(Extracted records)
..........

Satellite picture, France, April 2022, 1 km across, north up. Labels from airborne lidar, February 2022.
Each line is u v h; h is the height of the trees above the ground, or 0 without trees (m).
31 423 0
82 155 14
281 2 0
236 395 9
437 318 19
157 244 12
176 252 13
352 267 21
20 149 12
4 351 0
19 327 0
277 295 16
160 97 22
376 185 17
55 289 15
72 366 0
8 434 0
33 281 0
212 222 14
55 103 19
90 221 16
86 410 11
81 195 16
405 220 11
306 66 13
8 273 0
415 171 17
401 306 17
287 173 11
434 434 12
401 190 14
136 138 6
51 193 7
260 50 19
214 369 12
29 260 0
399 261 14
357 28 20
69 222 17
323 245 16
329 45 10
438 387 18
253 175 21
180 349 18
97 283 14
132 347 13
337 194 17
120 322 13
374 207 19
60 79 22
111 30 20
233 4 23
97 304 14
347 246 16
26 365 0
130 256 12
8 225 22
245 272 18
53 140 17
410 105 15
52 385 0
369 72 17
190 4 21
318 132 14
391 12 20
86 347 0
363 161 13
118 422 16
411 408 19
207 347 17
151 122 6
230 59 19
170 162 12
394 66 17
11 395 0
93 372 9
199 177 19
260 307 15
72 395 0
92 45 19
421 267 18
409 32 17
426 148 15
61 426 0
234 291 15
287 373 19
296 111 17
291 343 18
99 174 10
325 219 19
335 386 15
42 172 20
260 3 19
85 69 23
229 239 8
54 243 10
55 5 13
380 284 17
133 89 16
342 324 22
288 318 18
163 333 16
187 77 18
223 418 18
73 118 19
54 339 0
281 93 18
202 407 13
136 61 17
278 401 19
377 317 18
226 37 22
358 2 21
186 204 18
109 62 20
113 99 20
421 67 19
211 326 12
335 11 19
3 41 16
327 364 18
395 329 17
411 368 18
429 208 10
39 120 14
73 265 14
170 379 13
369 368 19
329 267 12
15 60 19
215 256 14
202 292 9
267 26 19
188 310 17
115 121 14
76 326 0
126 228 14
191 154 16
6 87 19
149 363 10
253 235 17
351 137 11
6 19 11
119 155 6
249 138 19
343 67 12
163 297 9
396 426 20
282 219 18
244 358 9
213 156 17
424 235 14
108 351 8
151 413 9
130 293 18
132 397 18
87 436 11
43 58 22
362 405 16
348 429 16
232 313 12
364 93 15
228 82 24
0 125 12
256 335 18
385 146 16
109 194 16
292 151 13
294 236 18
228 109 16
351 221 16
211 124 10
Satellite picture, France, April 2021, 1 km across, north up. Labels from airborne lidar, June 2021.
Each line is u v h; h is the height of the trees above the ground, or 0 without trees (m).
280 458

..........

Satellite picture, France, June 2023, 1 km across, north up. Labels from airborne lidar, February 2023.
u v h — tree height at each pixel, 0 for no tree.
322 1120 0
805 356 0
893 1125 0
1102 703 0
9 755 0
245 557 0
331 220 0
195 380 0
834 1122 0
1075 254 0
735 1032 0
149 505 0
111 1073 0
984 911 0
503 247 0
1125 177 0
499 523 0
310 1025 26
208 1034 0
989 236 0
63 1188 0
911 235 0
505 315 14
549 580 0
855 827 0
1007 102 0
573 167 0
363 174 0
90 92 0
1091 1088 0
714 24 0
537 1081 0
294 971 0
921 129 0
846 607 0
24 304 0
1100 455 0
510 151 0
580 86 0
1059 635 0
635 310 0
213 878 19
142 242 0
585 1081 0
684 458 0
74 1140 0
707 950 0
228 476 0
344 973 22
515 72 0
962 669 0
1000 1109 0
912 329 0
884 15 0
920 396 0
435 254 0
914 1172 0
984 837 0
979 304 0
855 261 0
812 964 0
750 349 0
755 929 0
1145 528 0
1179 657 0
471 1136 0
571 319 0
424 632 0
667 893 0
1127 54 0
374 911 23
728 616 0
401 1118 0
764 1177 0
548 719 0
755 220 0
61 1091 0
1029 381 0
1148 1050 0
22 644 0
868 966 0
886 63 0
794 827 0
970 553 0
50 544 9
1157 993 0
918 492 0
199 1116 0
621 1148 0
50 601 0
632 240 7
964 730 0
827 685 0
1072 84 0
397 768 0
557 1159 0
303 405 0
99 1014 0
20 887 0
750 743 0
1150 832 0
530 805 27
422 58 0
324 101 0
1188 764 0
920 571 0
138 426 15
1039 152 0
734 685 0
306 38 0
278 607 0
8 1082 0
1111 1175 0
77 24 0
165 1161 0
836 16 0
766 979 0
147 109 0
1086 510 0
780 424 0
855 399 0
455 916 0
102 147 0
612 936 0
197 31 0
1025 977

..........

**Task directions**. Copy every line above in which the string "June" shows up.

**Answer space**.
Satellite picture, France, April 2021, 1 km across, north up. Labels from airborne lidar, June 2021.
Satellite picture, France, June 2023, 1 km across, north up. Labels from airborne lidar, February 2023.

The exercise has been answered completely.